One could however want to price Asian options, which are path-dependent. The payoff of such options depends not on the final price of the asset (as in European options), but on the average price of the asset throughout the life of the option. We therefore need to generate a path of stock prices, so we’ll move from t=0 to t=T not in one step as previously, but in many steps, say 252 (this is the average number of trading days per year). In practice we generate 252 random numbers, generate a path of the asset price and for the final step we calculate the payoff. This is done for every Monte Carlo simulation, so as you’ve probably noticed we need 252 times more random numbers than in case of the European option. The quantity is not an issue, the Sobol sequence is long enough. What happens is that in case of such pathwise Monte Carlo simulation the distribution is not log-normal, it doesn’t actually resemble any distribution, as can be seen below.

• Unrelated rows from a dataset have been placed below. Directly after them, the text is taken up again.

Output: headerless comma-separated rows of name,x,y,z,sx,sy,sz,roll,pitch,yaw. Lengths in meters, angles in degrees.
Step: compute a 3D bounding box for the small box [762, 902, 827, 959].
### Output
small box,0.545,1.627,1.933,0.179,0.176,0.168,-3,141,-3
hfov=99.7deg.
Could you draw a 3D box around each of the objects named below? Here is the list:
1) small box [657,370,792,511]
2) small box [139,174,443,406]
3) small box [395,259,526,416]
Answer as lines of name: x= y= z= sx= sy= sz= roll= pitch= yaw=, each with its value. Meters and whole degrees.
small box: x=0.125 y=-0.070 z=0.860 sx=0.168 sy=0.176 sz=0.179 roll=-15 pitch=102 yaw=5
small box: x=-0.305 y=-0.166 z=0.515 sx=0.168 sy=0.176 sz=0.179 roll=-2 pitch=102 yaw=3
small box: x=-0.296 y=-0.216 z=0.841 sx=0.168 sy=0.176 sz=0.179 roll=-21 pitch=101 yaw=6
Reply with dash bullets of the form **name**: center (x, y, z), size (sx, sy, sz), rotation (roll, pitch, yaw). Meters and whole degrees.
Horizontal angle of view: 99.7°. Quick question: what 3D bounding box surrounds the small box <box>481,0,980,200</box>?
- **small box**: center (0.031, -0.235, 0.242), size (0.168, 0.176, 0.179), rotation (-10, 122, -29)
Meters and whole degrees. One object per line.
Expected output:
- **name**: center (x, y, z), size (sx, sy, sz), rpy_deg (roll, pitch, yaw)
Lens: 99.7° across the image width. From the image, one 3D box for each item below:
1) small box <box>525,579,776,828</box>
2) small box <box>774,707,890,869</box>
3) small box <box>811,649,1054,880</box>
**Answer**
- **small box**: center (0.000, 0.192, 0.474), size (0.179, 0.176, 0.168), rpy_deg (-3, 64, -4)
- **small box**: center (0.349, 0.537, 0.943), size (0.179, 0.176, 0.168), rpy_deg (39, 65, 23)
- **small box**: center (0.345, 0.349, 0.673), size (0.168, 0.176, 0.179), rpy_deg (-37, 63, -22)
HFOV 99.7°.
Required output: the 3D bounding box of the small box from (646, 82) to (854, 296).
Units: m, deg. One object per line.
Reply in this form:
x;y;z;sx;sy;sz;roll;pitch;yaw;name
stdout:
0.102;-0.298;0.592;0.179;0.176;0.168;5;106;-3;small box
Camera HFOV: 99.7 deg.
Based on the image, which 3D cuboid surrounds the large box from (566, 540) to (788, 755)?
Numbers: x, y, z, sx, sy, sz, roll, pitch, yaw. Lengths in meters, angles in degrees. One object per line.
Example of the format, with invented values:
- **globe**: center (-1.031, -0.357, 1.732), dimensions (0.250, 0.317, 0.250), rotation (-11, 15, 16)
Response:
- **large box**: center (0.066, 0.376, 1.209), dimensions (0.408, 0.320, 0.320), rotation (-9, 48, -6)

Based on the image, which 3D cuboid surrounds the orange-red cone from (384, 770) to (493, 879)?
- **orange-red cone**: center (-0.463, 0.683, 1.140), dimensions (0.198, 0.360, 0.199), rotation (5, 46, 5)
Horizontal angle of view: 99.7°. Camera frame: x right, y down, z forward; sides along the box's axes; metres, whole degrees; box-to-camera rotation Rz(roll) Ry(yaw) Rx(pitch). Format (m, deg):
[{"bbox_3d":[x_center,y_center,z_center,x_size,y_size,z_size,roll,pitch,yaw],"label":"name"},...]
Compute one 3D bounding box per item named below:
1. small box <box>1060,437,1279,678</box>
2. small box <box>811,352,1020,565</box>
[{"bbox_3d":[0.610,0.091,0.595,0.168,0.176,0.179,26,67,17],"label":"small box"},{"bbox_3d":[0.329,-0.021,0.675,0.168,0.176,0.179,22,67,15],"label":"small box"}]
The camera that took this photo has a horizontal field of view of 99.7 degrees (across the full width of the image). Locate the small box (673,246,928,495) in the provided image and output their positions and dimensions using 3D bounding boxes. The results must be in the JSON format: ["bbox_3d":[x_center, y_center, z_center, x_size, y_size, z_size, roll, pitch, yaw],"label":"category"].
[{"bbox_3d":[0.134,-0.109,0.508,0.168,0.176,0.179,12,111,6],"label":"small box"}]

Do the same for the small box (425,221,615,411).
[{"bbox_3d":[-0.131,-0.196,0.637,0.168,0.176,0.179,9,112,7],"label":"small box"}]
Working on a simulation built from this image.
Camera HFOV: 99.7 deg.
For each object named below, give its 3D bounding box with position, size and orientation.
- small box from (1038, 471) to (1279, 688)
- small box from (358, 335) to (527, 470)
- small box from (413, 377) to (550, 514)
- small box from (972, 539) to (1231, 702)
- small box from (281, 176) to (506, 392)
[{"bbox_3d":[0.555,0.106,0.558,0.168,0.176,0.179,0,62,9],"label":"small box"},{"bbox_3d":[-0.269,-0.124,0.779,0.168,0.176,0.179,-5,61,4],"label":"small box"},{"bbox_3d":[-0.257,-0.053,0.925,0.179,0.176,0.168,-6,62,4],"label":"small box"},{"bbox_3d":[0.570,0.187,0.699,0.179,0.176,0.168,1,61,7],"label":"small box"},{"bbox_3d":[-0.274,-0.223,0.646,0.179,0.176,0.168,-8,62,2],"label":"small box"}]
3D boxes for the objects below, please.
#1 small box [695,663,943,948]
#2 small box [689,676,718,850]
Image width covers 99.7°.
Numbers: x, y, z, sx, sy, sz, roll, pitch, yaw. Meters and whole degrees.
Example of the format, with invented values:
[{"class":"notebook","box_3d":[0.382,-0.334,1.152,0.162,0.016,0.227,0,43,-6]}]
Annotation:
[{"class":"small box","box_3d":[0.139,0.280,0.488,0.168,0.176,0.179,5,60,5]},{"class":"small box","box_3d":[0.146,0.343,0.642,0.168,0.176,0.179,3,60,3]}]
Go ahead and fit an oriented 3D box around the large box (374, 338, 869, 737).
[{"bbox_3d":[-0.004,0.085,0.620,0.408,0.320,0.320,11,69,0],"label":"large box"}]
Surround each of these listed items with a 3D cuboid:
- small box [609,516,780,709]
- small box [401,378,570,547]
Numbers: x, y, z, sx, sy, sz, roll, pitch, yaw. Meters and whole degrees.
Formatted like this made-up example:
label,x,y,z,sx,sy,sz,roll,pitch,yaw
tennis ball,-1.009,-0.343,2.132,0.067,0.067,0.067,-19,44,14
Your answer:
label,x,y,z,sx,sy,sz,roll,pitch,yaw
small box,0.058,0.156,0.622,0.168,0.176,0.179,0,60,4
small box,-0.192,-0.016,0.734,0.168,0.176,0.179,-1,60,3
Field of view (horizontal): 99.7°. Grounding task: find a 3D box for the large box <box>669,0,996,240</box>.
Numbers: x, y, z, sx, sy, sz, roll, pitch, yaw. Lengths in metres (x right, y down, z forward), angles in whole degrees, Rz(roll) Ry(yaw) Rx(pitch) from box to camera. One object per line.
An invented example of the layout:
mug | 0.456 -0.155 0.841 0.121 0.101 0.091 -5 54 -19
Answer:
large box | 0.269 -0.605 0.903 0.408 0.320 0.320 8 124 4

Why is that? Why do the quasirandom numbers fail? The simulation using the same data, but pseudorandom numbers instead of quasirandom, does return stock prices that are log-normally distributed (below).



What is going on here? Well, I know the answer, it took me some time to realise, and it would have taken more time if not the help of my colleagues Jacques and Robert. Do you, dear reader of this blog, know why it is like this? Is this just an easter egg, or an interesting property of quasirandom numbers? Happy Easter!